President Museveni famously vowed that he would have no Opposition left by the time of the 2021 General Election. He said this two days after he was declared winner of the February 18, 2016 presidential election, and at the time, the President’s statement seemed to ring hollow. Dr Kizza Besigye, his principal opponent in the election that had just been concluded, had claimed victory and was under house arrest.

Guests to Dr Besigye’s home in Kasangati near Kampala were carefully screened by security officials, and majority were turned away. The Opposition leader had drawn huge crowds from across the country during the campaigns and had supporters give him their hard-earned money to support the campaign.

Many doubted that Mr Museveni had garnered the 58 per cent of the vote that the Electoral Commission (EC) had announced, and Dr Besigye claimed he had won the election with 52 per cent of the vote. It appeared like Mr Museveni would find it much harder to get by than his relaxed demeanor as he made the pronouncement suggested.
However, as curtains draw on his current term in office, with plans to get a fresh mandate, there are signs that while part of his vow – to make the ruling NRM stronger – might have been a ruse, his proclamation on the fortunes of the Opposition are bearing fruit to a very large extent.

The President’s vow came in his maiden speech after he was declared winner of the 2016 elections at his country home in Rwakitura, Kiruhura District.
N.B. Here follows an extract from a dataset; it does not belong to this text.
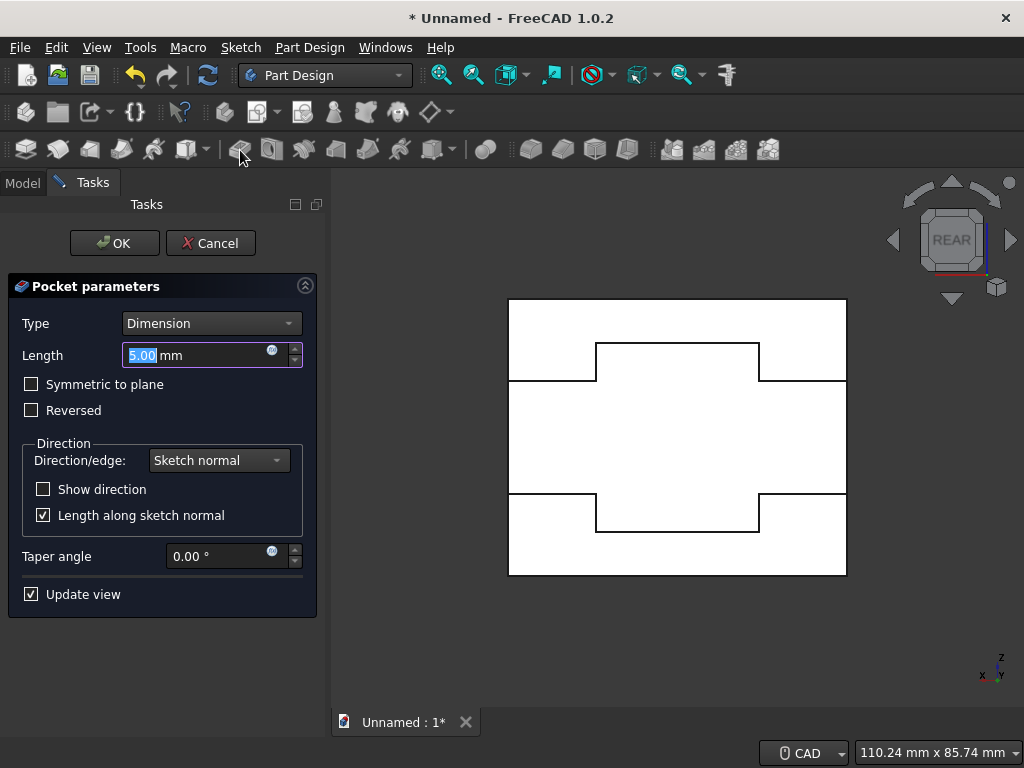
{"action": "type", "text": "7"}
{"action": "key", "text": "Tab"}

He said he would “wipe out the Opposition completely in the next five years”. Earlier, in 2015, he had, during a visit by President Uhuru Kenyatta of Kenya to Parliament, vowed to wipe out the Opposition after winning the election, which at the time was months away.

Pulse check
Away from the ever-present State coercion and the narrowing political space, what emerges from a critical look at the Opposition since the last general election is disorganisation, infighting, defeats, lack of strategy, defection, lies, blackmail, betrayal, among other evils.
In their paper “Opposition weakness in Africa”, researchers Lise Rakner and Nicolas van de Walle observe that Opposition parties are a key component of any strategy of “democratisation by elections”. They, however, argue that the “third wave” of democratisation in Africa has not yielded much in terms of political competition.
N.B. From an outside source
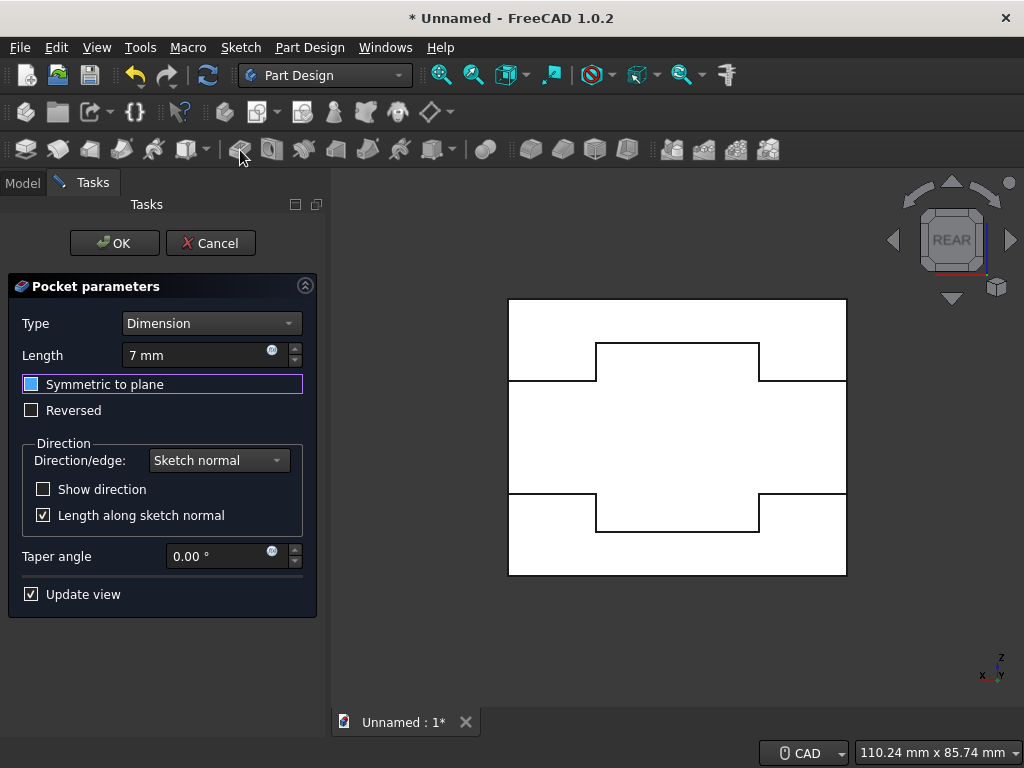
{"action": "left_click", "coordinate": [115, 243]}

“Regardless of the nature and quality of electoral institutions, Opposition parties have remained numerically weak and fragmented, and unable to carry out their roles of political counterweight to the victorious party and president,” they argue.
They add: “The performance of the Opposition parties indicates that we should question whether Africa’s multiparty systems are really progressing. At the very least, the pace of democratic progress has been exceedingly slow.”
Apart from political parties, Mr Museveni’s rule has traditionally faced opposition on ethnic lines, with Buganda and Rwenzururu kingdoms having at different times come head-to-head with the centre. But the power bases that had galvanised in different regions in opposition to or critical of Mr Museveni’s rule have either been crushed, joined him or gone silent.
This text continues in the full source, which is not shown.